Zhong Wei, Li Qiong, Sun Qian, Zhang Wenliang, Zhang Jiayang, Sun Xinguo, Yin Xinmin, Zhang Xiang, Zhou Zhanxiang
Center for Translational Biomedical Research and.
Center for Translational Biomedical Research and Department of Nutrition, University of North Carolina at Greensboro, North Carolina Research Campus, Kannapolis, NC; and.
J Nutr. 2015 Dec;145(12):2690-8. doi: 10.3945/jn.115.216093. Epub 2015 Oct 14.
Zinc deficiency has been well documented in alcoholic liver disease.
This study was undertaken to determine whether dietary zinc supplementation provides beneficial effects in treating alcohol-induced gut leakiness and endotoxemia.
Male Sprague Dawley rats were divided into 3 groups and pair-fed (PF) Lieber-DeCarli liquid diet for 8 wk: 1) control (PF); 2) alcohol-fed (AF; 5.00-5.42% wt:vol ethanol); and 3) AF with zinc supplementation (AF/Zn) at 220 ppm zinc sulfate heptahydrate. The PF and AF/Zn groups were pair-fed with the AF group. Hepatic inflammation and endotoxin signaling were determined by immunofluorescence and quantitative polymerase chain reaction (qPCR). Alterations in intestinal tight junctions and aldehyde dehydrogenases were assessed by qPCR and Western blot analysis.
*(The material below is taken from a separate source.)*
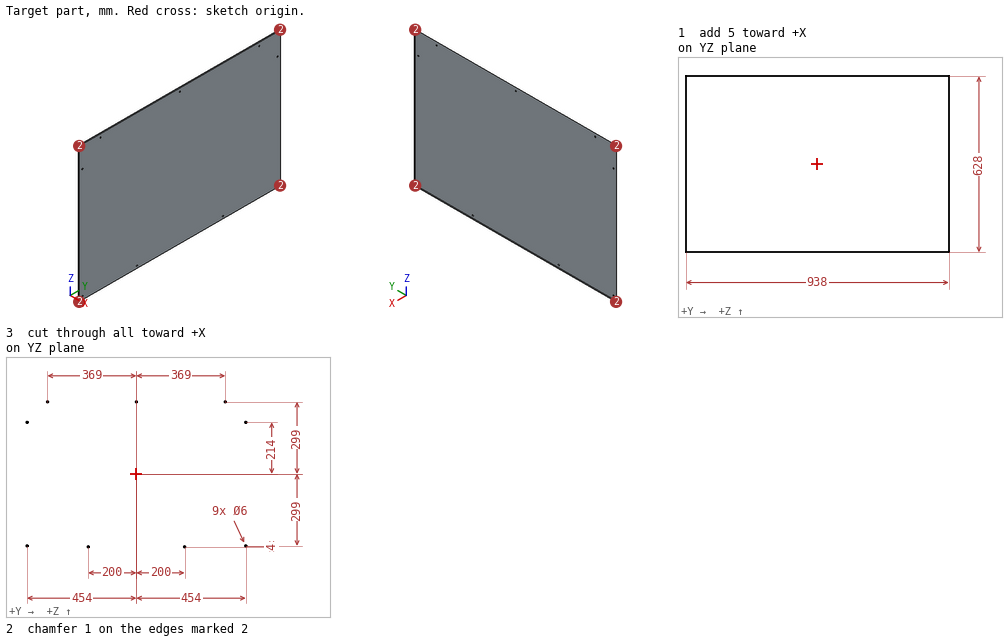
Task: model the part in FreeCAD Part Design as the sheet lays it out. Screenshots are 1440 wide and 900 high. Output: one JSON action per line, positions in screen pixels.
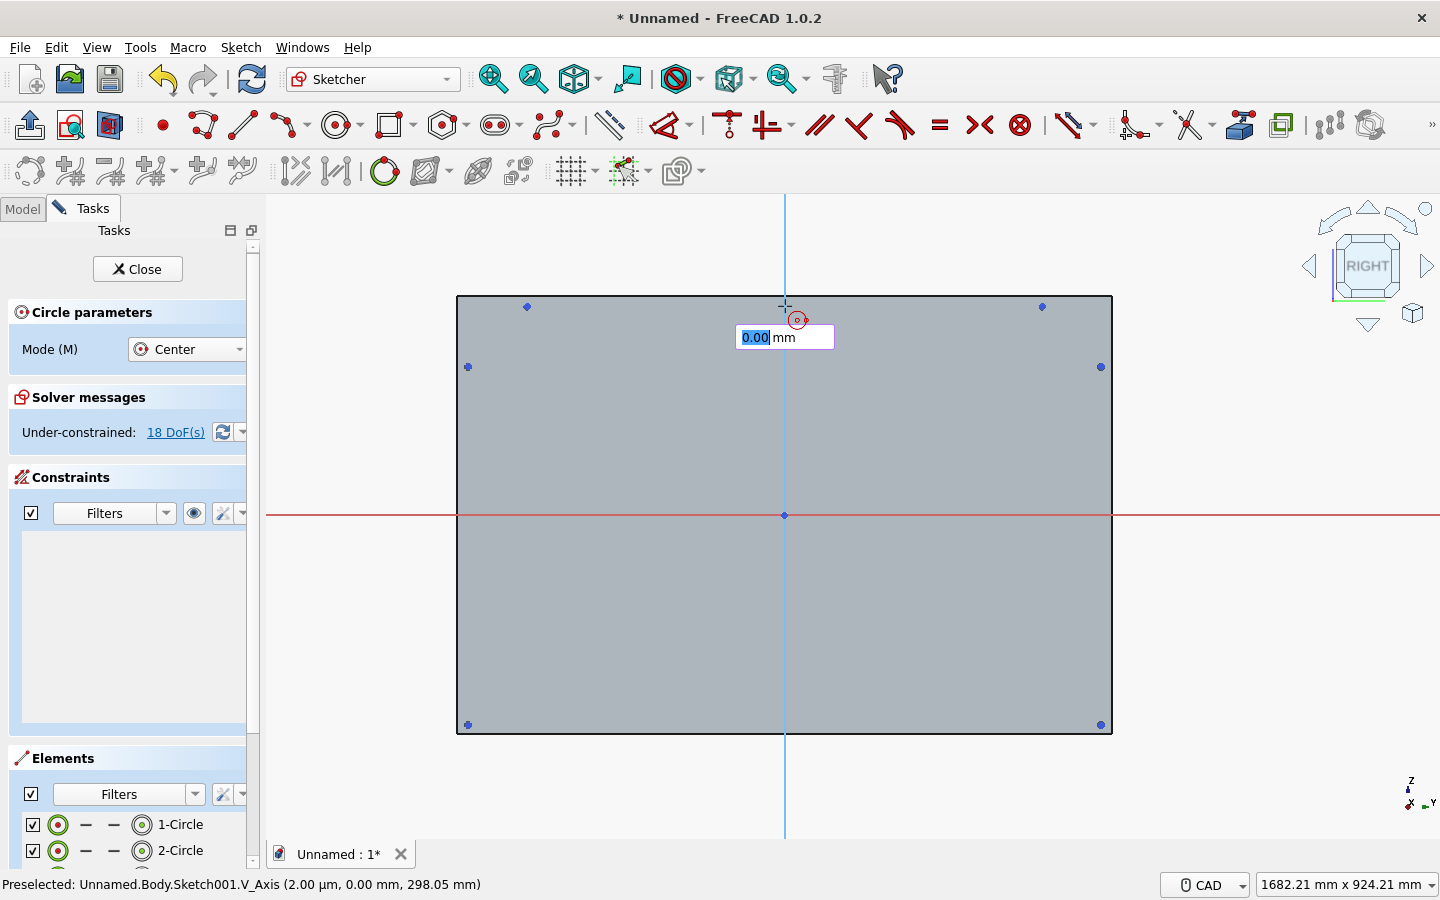
{"action": "scroll", "coordinate": [787, 306], "scroll_direction": "up", "scroll_amount": 11}

The AF rats had greater macrophage activation and cytokine production (P < 0.05) in the liver compared with the PF rats, whereas the AF/Zn rats showed no significant differences (P > 0.05). Plasma endotoxin concentrations of the AF rats were 136% greater than those of the PF rats, whereas the AF/Zn rats did not differ from the PF rats. Ileal permeability was 255% greater in the AF rats and 19% greater in the AF/Zn rats than in the PF rats. The AF group had reduced intestinal claudin-1, occludin, and zona occludens-1 (ZO-1) expression, and the AF/Zn group had upregulated claudin-1 and ZO-1 expression (P < 0.05) compared with the PF group. The intestinal epithelial expression and activity of aldehyde dehydrogenases were elevated (P < 0.05) in the AF/Zn rats compared with those of the AF rats. Furthermore, the ileal expression and function of hepatocyte nuclear factor 4α, which was impaired in the AF group, was significantly elevated in the AF/Zn group compared with the PF group.
The results demonstrate that attenuating hepatic endotoxin signaling by preserving the intestinal barrier contributes to the protective effect of zinc on alcohol-induced steatohepatitis in rats.
锌缺乏在酒精性肝病中已有充分记载。
本研究旨在确定膳食补充锌是否对治疗酒精诱导的肠道渗漏和内毒素血症具有有益作用。
将雄性Sprague Dawley大鼠分为3组,用Lieber-DeCarli液体饲料配对喂养(PF)8周:1)对照组(PF);2)酒精喂养组(AF;5.00 - 5.42%重量/体积乙醇);3)补充锌的酒精喂养组(AF/Zn),添加七水硫酸锌220 ppm。PF组和AF/Zn组与AF组配对喂养。通过免疫荧光和定量聚合酶链反应(qPCR)测定肝脏炎症和内毒素信号传导。通过qPCR和蛋白质印迹分析评估肠道紧密连接和醛脱氢酶的变化。
与PF大鼠相比,AF大鼠肝脏中的巨噬细胞活化和细胞因子产生更多(P < 0.05),而AF/Zn大鼠无显著差异(P > 0.05)。AF大鼠的血浆内毒素浓度比PF大鼠高136%,而AF/Zn大鼠与PF大鼠无差异。AF大鼠的回肠通透性比PF大鼠高255%,AF/Zn大鼠比PF大鼠高19%。AF组的肠道闭合蛋白-1、闭合蛋白和紧密连接蛋白-1(ZO-1)表达降低,与PF组相比,AF/Zn组的闭合蛋白-1和ZO-1表达上调(P < 0.05)。与AF大鼠相比,AF/Zn大鼠的肠道上皮醛脱氢酶表达和活性升高(P < 0.05)。此外,与PF组相比,AF/Zn组中AF组受损的肝细胞核因子4α的回肠表达和功能显著升高。
结果表明,通过维持肠道屏障减弱肝脏内毒素信号传导有助于锌对大鼠酒精性脂肪性肝炎的保护作用。